The next day, after having brunch with an old high school friend, I immediately went to buy some more tests. I bought a different brand and type. This time it was one of those cool digital tests that simply read “Pregnant” or “Not Pregnant” on the LCD screen. According to the funny commercials on TV, it would be the most sophisticated state of the art technology – that you could ever pee on. I watched the screen as the hourglass was blinking and finally it concluded “Pregnant”. Seeing that word on the screen instead of typical 2 lines made such a psychological difference. I got nervous and queasy for a moment.
You can imagine the types of thoughts I’ve been having since. Should I change my diet? I need to schedule a dr. appt. Who is this little person going to be when he/she grows up? Is it a boy or a girl? Could it be twins? How long do I have to wait to tell people? How am I going to tell people? At what point is the risk of a miscarriage lower? Are my tight pants bothering the baby when I sit down? Does Qori know that I’m pregnant? It’s apparent that I don’t know the first thing about being pregnant.

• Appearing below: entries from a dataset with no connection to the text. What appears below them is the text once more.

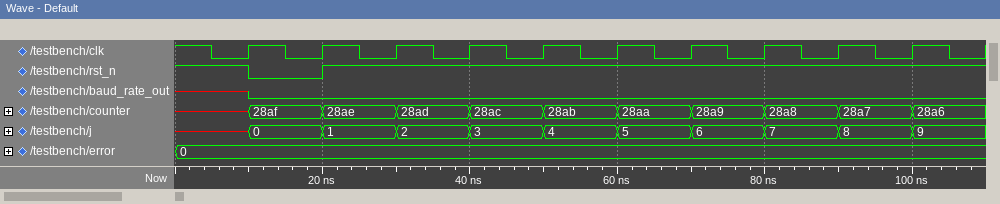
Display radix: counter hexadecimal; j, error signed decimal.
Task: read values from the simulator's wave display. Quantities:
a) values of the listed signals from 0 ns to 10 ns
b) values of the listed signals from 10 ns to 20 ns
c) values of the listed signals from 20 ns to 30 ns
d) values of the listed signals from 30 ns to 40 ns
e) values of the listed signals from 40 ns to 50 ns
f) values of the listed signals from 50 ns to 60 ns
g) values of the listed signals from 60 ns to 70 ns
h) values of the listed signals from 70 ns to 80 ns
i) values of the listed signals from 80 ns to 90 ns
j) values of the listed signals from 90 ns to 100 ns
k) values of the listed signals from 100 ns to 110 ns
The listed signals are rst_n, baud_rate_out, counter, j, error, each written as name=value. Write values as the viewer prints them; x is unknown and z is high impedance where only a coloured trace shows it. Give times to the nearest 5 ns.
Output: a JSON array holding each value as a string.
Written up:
["rst_n=1, baud_rate_out=x, counter=x, j=x, error=0", "rst_n=0, baud_rate_out=0, counter=28af, j=0, error=0", "rst_n=1, baud_rate_out=0, counter=28ae, j=1, error=0", "rst_n=1, baud_rate_out=0, counter=28ad, j=2, error=0", "rst_n=1, baud_rate_out=0, counter=28ac, j=3, error=0", "rst_n=1, baud_rate_out=0, counter=28ab, j=4, error=0", "rst_n=1, baud_rate_out=0, counter=28aa, j=5, error=0", "rst_n=1, baud_rate_out=0, counter=28a9, j=6, error=0", "rst_n=1, baud_rate_out=0, counter=28a8, j=7, error=0", "rst_n=1, baud_rate_out=0, counter=28a7, j=8, error=0", "rst_n=1, baud_rate_out=0, counter=28a6, j=9, error=0"]
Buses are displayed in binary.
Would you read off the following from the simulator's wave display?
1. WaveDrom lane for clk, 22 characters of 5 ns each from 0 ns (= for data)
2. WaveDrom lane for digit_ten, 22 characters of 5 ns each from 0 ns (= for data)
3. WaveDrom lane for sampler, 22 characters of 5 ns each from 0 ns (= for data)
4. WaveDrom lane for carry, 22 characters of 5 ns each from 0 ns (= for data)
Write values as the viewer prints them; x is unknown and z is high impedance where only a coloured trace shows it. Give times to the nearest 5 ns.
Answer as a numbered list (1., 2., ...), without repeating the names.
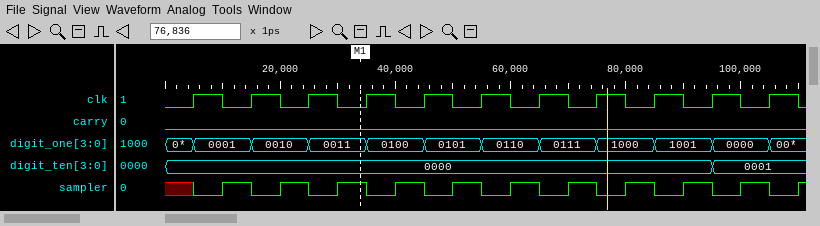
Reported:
1. {name: 'clk', wave: '0101010101010101010101'}
2. {name: 'digit_ten', wave: '=..................=..', data: '0000 0001'}
3. {name: 'sampler', wave: 'x010101010101010101010'}
4. {name: 'carry', wave: '0.....................'}
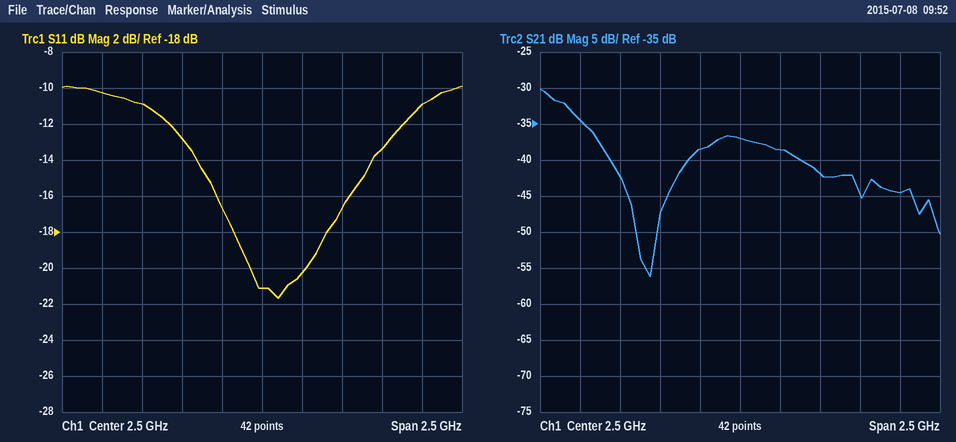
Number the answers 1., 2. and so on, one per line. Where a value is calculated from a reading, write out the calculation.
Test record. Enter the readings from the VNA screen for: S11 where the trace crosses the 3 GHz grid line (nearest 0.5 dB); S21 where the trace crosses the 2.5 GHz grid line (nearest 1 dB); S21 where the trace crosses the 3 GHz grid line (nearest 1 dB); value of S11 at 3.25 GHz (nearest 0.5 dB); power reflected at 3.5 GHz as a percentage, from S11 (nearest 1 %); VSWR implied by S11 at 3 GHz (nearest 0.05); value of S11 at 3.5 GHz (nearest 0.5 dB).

Javier is happy and caught off guard at this news. He – like me – was not expecting to be pregnant “so soon” or so quickly. We had both sort of convinced ourselves that we wouldn’t be able to get pregnant this year either. Now he has increased pressure. We are here on Sunday at the Victorian house and he is wall-papering while I spend time with him. While Rob and his family are anxious to begin their new dreams, we are too.